Foi somente após declarar guerra à Itália e expandir suas ocupações,


que o governo resolveu bombardear o palácio de d’Annuzio e desocupar de vez
Fiume, respeitando o Tratado de Rapallo que considerava Fiume como uma
cidade livre. Os feitos do poeta ainda seriam celebrados pelo futuro governo
fascista, e pelos conservadores e nacionalistas que se agrupavam no partido “da
guerra”.
Mas as forças que viriam a compor o fascismo ainda não estavam todas
aglutinadas em um partido. Os conservadores e nacionalistas ainda estavam
pulverizados, e Mussolini não era tão conhecido quanto d”Annunzio ou até
mesmo alguns outros colegas fascistas. Em 1919, os socialistas e os católicos –
que não compunham um mesmo bloco, mas se colocavam como oposição ao
fascismo - foram os que mais cresceram no momento pós-Guerra. Três décimos
da Câmara passaram a ser ocupados pelos socialistas – que antes ocupavam
um décimo. E o PPI com um décimo das cadeiras.; O Partido Revolucionário
Fascista não ocupava uma posição de destaque na crise social e política que a
Itália vinha passando.

A mudança de nome do partido de Mussoline que em 1919 se chamava


Revolucionário Fascista, e em 1921 passou a se chamar Partido Nacional
Fascista, não foi apenas uma mudança de nomenclatura, mas sobretudo uma
mudança de projetos políticos, de programa partidário. Em 1919 Mussolini se
apresentava como um revolucionário, seguindo muito dos ensinamentos de seu
pai que era socialista, ele propunha uma política socialista que superaria os
próprios socialistas. Pautando a derrubada da monarquia, a taxação de fortunas
e aumento de impostos sobre heranças e fazendo forte oposição à igreja
Católica.

Rejeitado em 1919 pelos socialistas, e buscando obter um melhor


desempenho nas eleições de 1920 Mussolini resolve integrar o Bloco Nacional,
que incluía principalmente o Partido Liberal Italiano e o Partido Social-Democrata
Italiano. Adotando um discurso mais moderado o PRF consegue um pequeno
crescimento na Câmara dos Deputados nas eleições de 1921. Mas a mudança
mais radical ocorre em 1922 – já renomeado para Partido Nacional Fascista -,
quando Mussolini abandona o discurso contra a monarquia e a igreja católica de
vez, além de se posicionar com mais afinco contra os socialistas e tentar angariar
mais apoio da burguesia italiana com um discurso mais liberal. No seu discurso
em Udine, em 20 de setembro de 1922 – vésperas da Marcha sobre Roma –
Mussolini fala:

“Queremos retirar do Estado todos os seus poderes econômicos. Basta


de ferrovias estatais, carteiros estatais, seguradores estatais. Basta
desse Estado mantido às custas dos contribuintes e pondo em risco as
exauridas finanças do Estado italiano. A polícia deve permanecer, pois
protege as pessoas honestas de ladrões e malvados; o educador
estatal deve permanecer, em benefício das novas gerações; as forças
armadas devem permanecer, pois protegem as fronteiras da Pátria; e
a política externa deve permanecer.” (Sasson, 2009, p.116)

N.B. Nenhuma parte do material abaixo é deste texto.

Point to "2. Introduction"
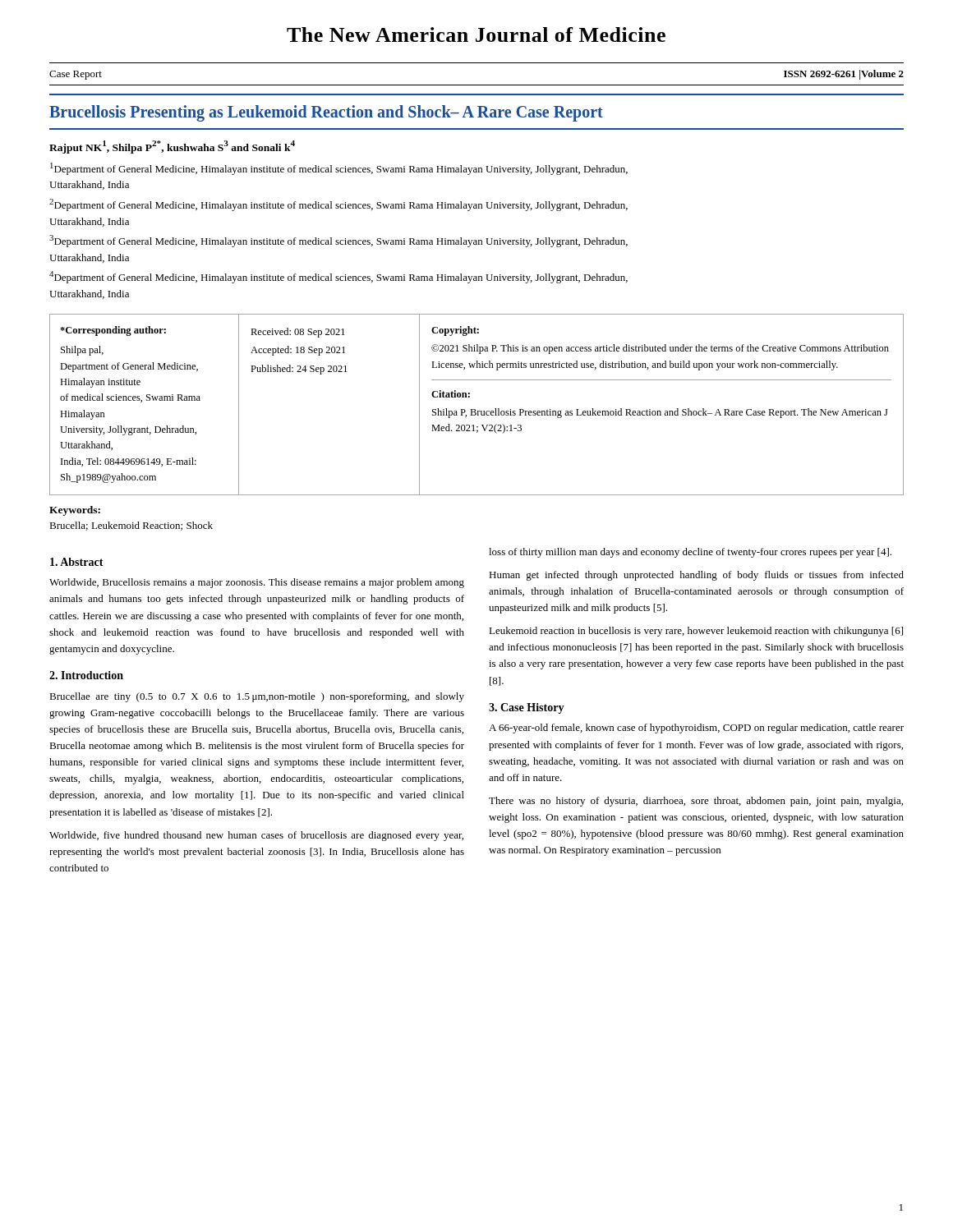The width and height of the screenshot is (953, 1232). pyautogui.click(x=86, y=676)
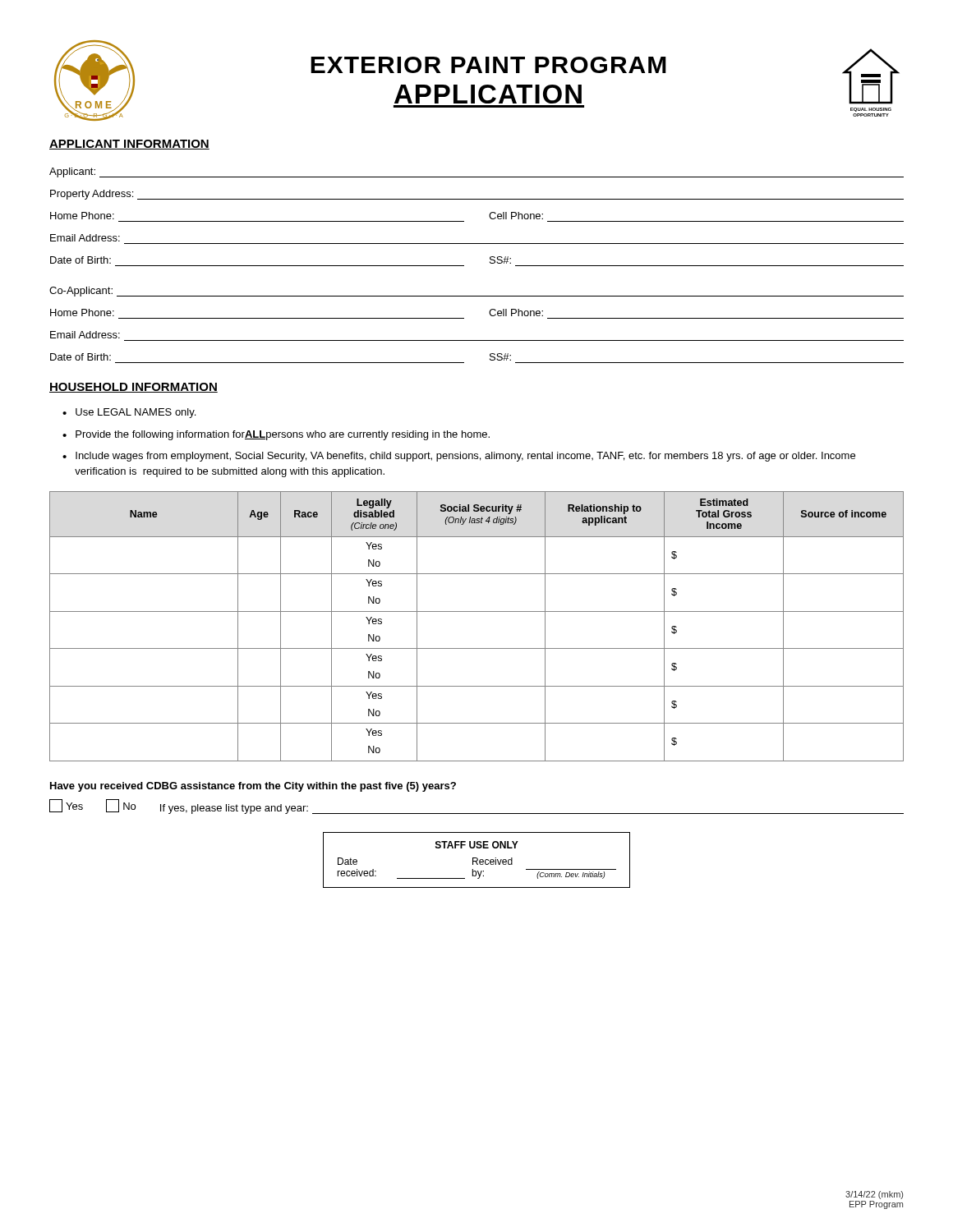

A entrada do PRF no Bloco Nacional legitimou o fascismo, que passou


então a trabalhar com duas frentes: violência e legalidade. Ao passo que
Mussolini construía alianças mais fortes com os proprietários de terra e a
burguesia rural a violência do fascismo aumentava exponencialmente, de modo
a colocar o movimento em uma posição de relevância.

Mussolini havia despertado a curiosidade de grande parte da burguesia


reacionária italiana, mas eles ainda não confiavam de fato no fascismo. A
entrada de Mussolini na legalidade era uma forma de mudar esse quadro. Os
fascistas precisavam mostrar força e incitar sua base contra seus inimigos. Mas
também precisava mostrar para a burguesia que poderiam eliminar o problema
– a revolução que eles acreditavam estar por vir – e estabelecer uma forma de
governo que não fosse antagônica aos anseios da elite italiana.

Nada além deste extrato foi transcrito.